His mother kept her lip thrust out and said, "You'll do no such thing, my poppet."
"Mum," he said, whining slightly.
"It's a race day," she said.
"The road to Sha Tin will be chock-a-block!"
"Happy Valley," she said. "We'll take a taxi. Like old times."
"The first race is at two-thirty," he said, negotiating. "I can easily be back from the factory by then."
"Sit down and eat your breakfast, Bunt," she said, lowering her head once more and studying the racing form. "Monty's coming in an hour."
"What's he want?"
With studied reluctance, as though he were forcing her to do it, she raised her face and gave him a smile of utter contempt.
"What's he want?" she said, mimicking him. (And Bunt thought: If Mei-ping and I ever have a child, I will never ridicule him nor mimic anything he says.) "He wants to help us. He wants to discuss the sale of our factory. He wants to finalize the Hung business. Don't you see? He's liaising."
"Liaising" was another word he never imagined his mother ever using, and he noticed with satisfaction that she sounded a total plonker when she said it.
"Hung's a creep," Bunt said. "Worse than a creep."
"He is a buyer. We are the vendors. He has ready money. That is all that matters. And you call yourself a businessman?"
All this practical commercial wisdom from someone who had spent her life knitting jumpers and paying bookmakers, and showing her Chinese cook how to make oaties and how to knife the crusts from the edges of bloater paste sandwiches, and the way to butter the end of the bread loaf before sawing it off to produce a buttered slice.
"What do you know about Hung?"
"As much as I want to know. Now eat your breakfast."

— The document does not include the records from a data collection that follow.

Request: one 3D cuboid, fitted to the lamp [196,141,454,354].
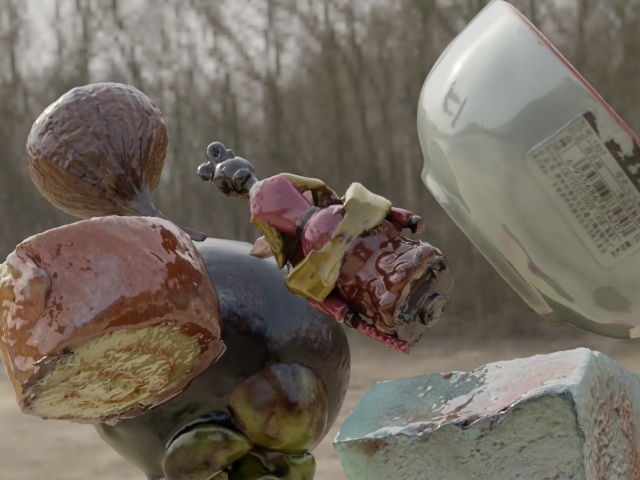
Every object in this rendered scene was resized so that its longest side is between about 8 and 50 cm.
[{"bbox_3d":[0.000,0.000,1.509,0.253,0.118,0.118,28,13,25],"label":"lamp"}]

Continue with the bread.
[{"bbox_3d":[-0.194,0.070,1.466,0.190,0.123,0.244,-35,-20,16],"label":"bread"}]

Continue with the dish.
[{"bbox_3d":[0.150,-0.031,1.082,0.117,0.256,0.256,-42,-7,8],"label":"dish"}]

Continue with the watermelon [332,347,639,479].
[{"bbox_3d":[0.201,0.178,1.355,0.289,0.320,0.214,-31,-27,-38],"label":"watermelon"}]

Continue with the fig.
[{"bbox_3d":[-0.203,-0.056,1.672,0.133,0.201,0.146,11,-52,-50],"label":"fig"}]

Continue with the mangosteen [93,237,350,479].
[{"bbox_3d":[-0.116,0.156,1.784,0.297,0.313,0.297,8,-10,1],"label":"mangosteen"}]
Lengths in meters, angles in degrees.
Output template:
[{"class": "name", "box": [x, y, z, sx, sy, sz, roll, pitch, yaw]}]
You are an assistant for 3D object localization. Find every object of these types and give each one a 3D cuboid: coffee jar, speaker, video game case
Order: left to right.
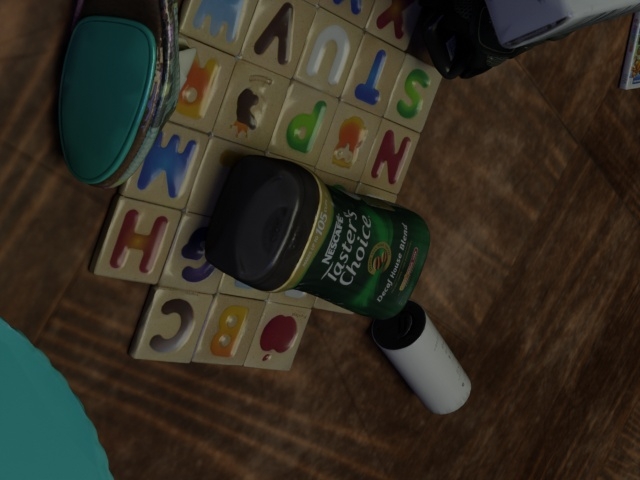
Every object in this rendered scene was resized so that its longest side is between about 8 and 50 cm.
[{"class": "coffee jar", "box": [0.000, 0.000, 0.743, 0.184, 0.079, 0.096, 17, 96, -49]}, {"class": "speaker", "box": [0.098, 0.113, 0.940, 0.055, 0.055, 0.136, -53, 138, -15]}, {"class": "video game case", "box": [0.370, -0.232, 1.094, 0.087, 0.011, 0.122, -15, 119, -43]}]

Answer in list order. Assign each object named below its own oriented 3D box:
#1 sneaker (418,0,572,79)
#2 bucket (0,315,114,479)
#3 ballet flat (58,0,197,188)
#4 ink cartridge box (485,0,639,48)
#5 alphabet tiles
[{"class": "sneaker", "box": [0.147, -0.210, 0.808, 0.087, 0.130, 0.227, 55, 31, -24]}, {"class": "bucket", "box": [-0.228, 0.142, 0.419, 0.281, 0.183, 0.281, 8, 74, -29]}, {"class": "ballet flat", "box": [-0.109, -0.141, 0.588, 0.079, 0.077, 0.221, -32, 132, -59]}, {"class": "ink cartridge box", "box": [0.192, -0.325, 0.698, 0.324, 0.071, 0.330, -23, 96, -39]}, {"class": "alphabet tiles", "box": [-0.024, -0.062, 0.756, 0.285, 0.011, 0.342, 14, 98, -50]}]
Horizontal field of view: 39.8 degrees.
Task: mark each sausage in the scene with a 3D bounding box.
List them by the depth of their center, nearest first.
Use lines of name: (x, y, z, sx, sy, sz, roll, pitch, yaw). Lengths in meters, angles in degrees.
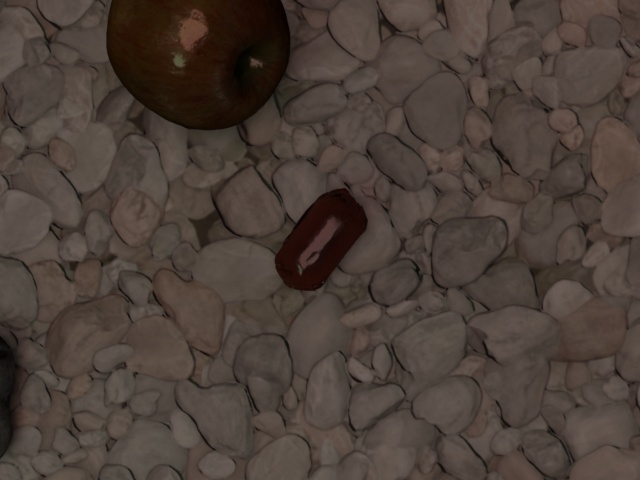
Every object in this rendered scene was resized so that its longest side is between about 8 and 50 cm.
sausage: (0.000, 0.000, 1.095, 0.076, 0.076, 0.141, 39, 89, 3)

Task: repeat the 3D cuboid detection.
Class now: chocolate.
chocolate: (-0.417, 0.196, 1.098, 0.072, 0.072, 0.167, 1, 89, 2)

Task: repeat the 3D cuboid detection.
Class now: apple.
apple: (-0.143, -0.238, 1.046, 0.188, 0.211, 0.211, 26, 88, 29)
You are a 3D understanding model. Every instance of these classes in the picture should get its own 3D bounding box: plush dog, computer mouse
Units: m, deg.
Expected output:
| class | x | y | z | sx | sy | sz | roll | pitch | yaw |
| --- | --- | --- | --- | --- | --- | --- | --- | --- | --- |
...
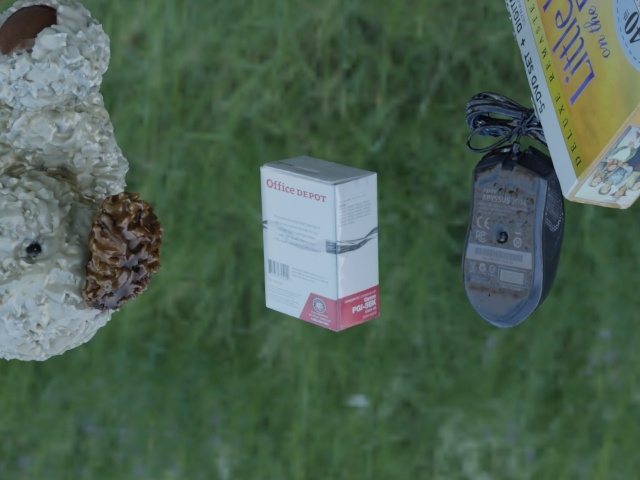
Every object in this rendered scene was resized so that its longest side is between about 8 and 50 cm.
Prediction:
| class | x | y | z | sx | sy | sz | roll | pitch | yaw |
| --- | --- | --- | --- | --- | --- | --- | --- | --- | --- |
| plush dog | -0.216 | -0.015 | 1.154 | 0.262 | 0.225 | 0.210 | -25 | 147 | 24 |
| computer mouse | 0.245 | -0.031 | 1.854 | 0.188 | 0.272 | 0.072 | 17 | -167 | 40 |

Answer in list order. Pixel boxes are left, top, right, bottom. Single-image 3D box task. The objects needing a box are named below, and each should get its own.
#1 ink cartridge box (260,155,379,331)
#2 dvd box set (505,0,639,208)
| class | x | y | z | sx | sy | sz | roll | pitch | yaw |
| --- | --- | --- | --- | --- | --- | --- | --- | --- | --- |
| ink cartridge box | 0.000 | 0.000 | 1.378 | 0.056 | 0.135 | 0.099 | -17 | -156 | -40 |
| dvd box set | 0.254 | -0.267 | 1.057 | 0.062 | 0.307 | 0.420 | 7 | 142 | -21 |
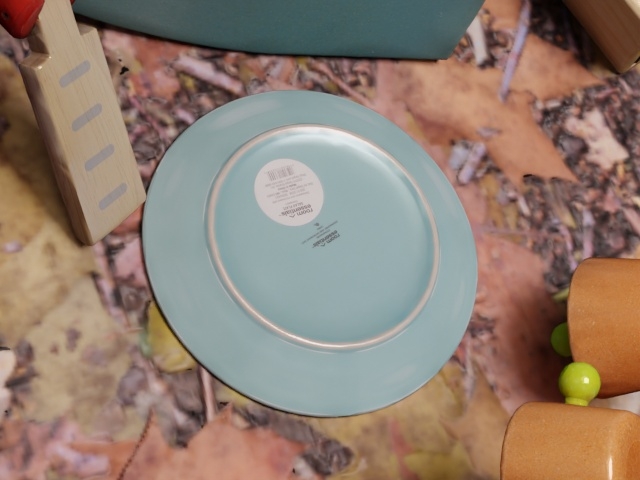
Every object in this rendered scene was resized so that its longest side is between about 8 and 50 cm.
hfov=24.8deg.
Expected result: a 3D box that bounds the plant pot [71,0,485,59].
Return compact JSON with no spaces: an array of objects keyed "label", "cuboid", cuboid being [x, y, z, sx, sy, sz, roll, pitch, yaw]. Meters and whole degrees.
[{"label":"plant pot","cuboid":[-0.034,-0.199,0.771,0.234,0.165,0.165,-5,70,-15]}]

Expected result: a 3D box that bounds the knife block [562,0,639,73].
[{"label":"knife block","cuboid":[0.110,-0.258,0.875,0.242,0.088,0.275,9,80,2]}]

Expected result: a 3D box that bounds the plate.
[{"label":"plate","cuboid":[0.000,0.000,0.770,0.188,0.024,0.188,7,67,-16]}]

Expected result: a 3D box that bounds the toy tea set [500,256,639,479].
[{"label":"toy tea set","cuboid":[0.110,0.151,0.699,0.336,0.124,0.200,-54,127,-47]}]

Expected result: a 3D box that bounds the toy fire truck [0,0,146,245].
[{"label":"toy fire truck","cuboid":[-0.197,-0.088,0.666,0.246,0.158,0.217,46,72,0]}]
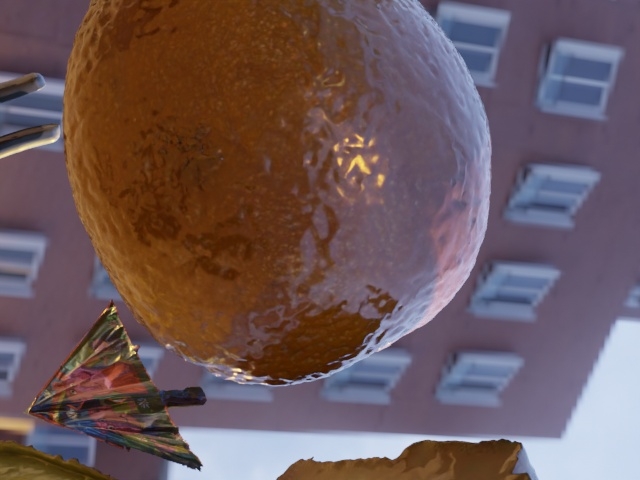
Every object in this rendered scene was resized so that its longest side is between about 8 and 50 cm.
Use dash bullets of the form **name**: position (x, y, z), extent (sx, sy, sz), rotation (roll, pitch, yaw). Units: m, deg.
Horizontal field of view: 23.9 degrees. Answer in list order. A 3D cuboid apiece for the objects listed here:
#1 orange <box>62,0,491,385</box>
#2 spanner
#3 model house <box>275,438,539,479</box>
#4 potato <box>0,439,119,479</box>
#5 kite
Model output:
- **orange**: position (-0.035, -0.075, 1.151), extent (0.357, 0.322, 0.322), rotation (68, -23, -1)
- **spanner**: position (-0.466, -0.112, 1.746), extent (0.040, 0.324, 0.096), rotation (-124, -163, -68)
- **model house**: position (0.094, 0.327, 1.186), extent (0.298, 0.284, 0.243), rotation (-9, -141, 50)
- **potato**: position (-0.182, 0.201, 0.834), extent (0.271, 0.160, 0.111), rotation (9, -63, 49)
- **kite**: position (-0.250, 0.187, 1.811), extent (0.016, 0.233, 0.321), rotation (-82, 159, -44)
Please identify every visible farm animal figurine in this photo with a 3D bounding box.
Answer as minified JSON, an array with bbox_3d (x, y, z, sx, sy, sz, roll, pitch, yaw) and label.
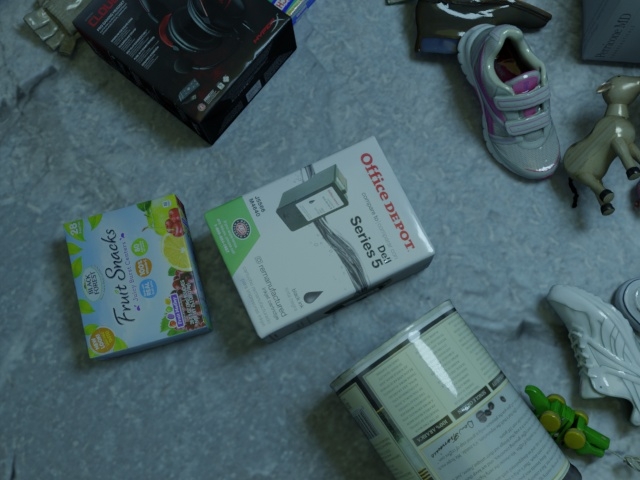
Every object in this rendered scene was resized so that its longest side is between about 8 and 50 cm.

Over his porridge he fretted, rehearsing a possible trip to Kowloon Tong. If he did go this morning, what would he tell Mei-
ping to calm her? There was nothing. She was safe there—she knew that, and as a long-time stitcher it was her second home in any case. He needed to act, to take her away. His fear had been that she would go to the police and accuse Mr. Hung of killing Ah Fu. But he was fairly certain that she wouldn't. She was too fearful to do that now, and she understood that while it was a tragedy that her friend was missing, she had him, Bunt, as compensation—more than that, a future.
Monty arrived at eleven, apologizing for his lateness, remarking on the view, saying what most people said when they saw the Peak fire station: "You'll be in excellent shape if you have a fire, what with the fire brigade on your doorstep." But seeing Monty unbuckling his briefcase in the lounge of Albion Cottage rather than in his chambers in Hutchison House made the sale of Imperial Stitching to Hung seem darker and more illicit and huggermugger. If his mother had become more pretentiously business-minded in an ill-informed way, and more inclined to gamble, Monty had come to seem devious and sinister. It was all Hung's corrupting influence.

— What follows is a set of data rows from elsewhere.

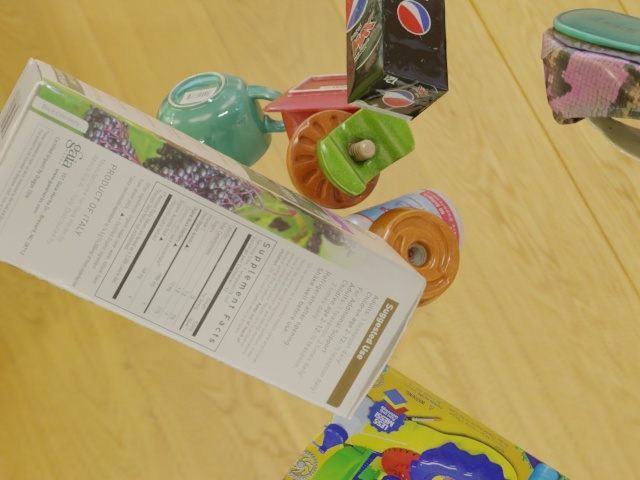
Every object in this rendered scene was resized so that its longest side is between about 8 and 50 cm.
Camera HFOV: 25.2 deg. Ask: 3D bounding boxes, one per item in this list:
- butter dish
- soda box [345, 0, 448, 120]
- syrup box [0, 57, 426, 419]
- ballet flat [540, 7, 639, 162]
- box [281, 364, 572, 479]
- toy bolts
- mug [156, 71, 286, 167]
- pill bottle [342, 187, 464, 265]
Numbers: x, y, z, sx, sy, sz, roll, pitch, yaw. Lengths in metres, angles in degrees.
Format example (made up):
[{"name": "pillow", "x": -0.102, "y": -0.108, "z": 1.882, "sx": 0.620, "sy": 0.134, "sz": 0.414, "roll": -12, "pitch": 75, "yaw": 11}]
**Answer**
[{"name": "butter dish", "x": 0.031, "y": -0.121, "z": 1.598, "sx": 0.160, "sy": 0.160, "sz": 0.118, "roll": -1, "pitch": 105, "yaw": 14}, {"name": "soda box", "x": 0.054, "y": -0.177, "z": 1.052, "sx": 0.053, "sy": 0.060, "sz": 0.169, "roll": -38, "pitch": 46, "yaw": 52}, {"name": "syrup box", "x": -0.070, "y": 0.000, "z": 0.782, "sx": 0.236, "sy": 0.093, "sz": 0.096, "roll": 26, "pitch": 98, "yaw": -19}, {"name": "ballet flat", "x": 0.195, "y": -0.068, "z": 0.711, "sx": 0.221, "sy": 0.077, "sz": 0.079, "roll": 20, "pitch": 124, "yaw": 53}, {"name": "box", "x": 0.102, "y": 0.348, "z": 1.678, "sx": 0.290, "sy": 0.177, "sz": 0.279, "roll": 31, "pitch": 61, "yaw": 15}, {"name": "toy bolts", "x": 0.000, "y": 0.000, "z": 1.439, "sx": 0.228, "sy": 0.158, "sz": 0.218, "roll": -36, "pitch": 97, "yaw": -23}, {"name": "mug", "x": -0.125, "y": -0.154, "z": 1.761, "sx": 0.157, "sy": 0.097, "sz": 0.129, "roll": -35, "pitch": 37, "yaw": -18}, {"name": "pill bottle", "x": 0.064, "y": 0.007, "z": 1.463, "sx": 0.087, "sy": 0.160, "sz": 0.087, "roll": 28, "pitch": 128, "yaw": 43}]
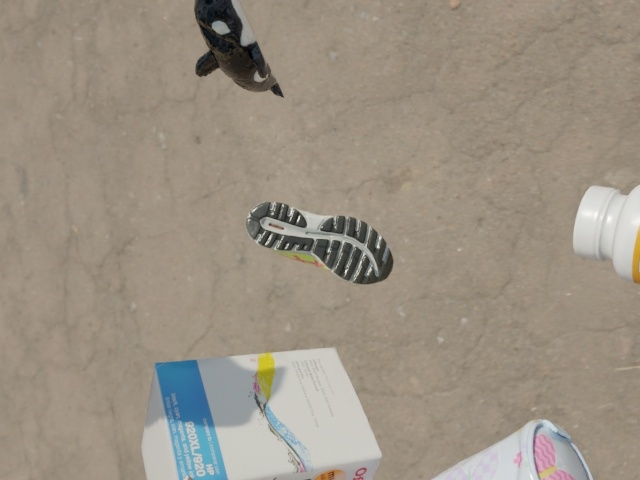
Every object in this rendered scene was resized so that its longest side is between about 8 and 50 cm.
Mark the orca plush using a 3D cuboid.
[{"bbox_3d":[-0.140,-0.278,1.102,0.102,0.287,0.151,-23,87,3],"label":"orca plush"}]

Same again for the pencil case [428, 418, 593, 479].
[{"bbox_3d":[0.160,0.293,0.817,0.113,0.124,0.273,39,128,-18],"label":"pencil case"}]

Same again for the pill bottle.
[{"bbox_3d":[0.464,0.000,0.976,0.245,0.136,0.136,15,104,34],"label":"pill bottle"}]

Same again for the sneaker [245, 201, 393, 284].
[{"bbox_3d":[0.000,0.000,1.028,0.094,0.208,0.081,158,134,-82],"label":"sneaker"}]

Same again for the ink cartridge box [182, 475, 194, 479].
[{"bbox_3d":[-0.103,0.232,0.617,0.048,0.083,0.028,44,89,-8],"label":"ink cartridge box"}]

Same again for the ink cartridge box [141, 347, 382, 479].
[{"bbox_3d":[-0.076,0.250,0.894,0.168,0.232,0.171,-116,32,-43],"label":"ink cartridge box"}]

Bunt sat by and watched his mother take charge, fussily, putting on her Maggie Thatcher face.
"When do we see our money?"
"It's a third-party account," Monty said. "When all conditions are fulfilled, Full Moon will be compensated by the ministry, and then the disbursements will be made. You know the conditions."
"Of course," Betty said.
Bunt said, "But I'm a dur-brain. Would you mind repeating the conditions?"
"I explained a while back that you are required to be out of the territory when the transfer is made. I will hand over the keys to the factory when the check clears. Full Moon will disburse the funds, minus closing costs, arrearages, and stamp duty."
Wang was pouring tea, making a business of it, Bunt felt, filling the pot with hot water, tapping the leaves out of the tea strainer.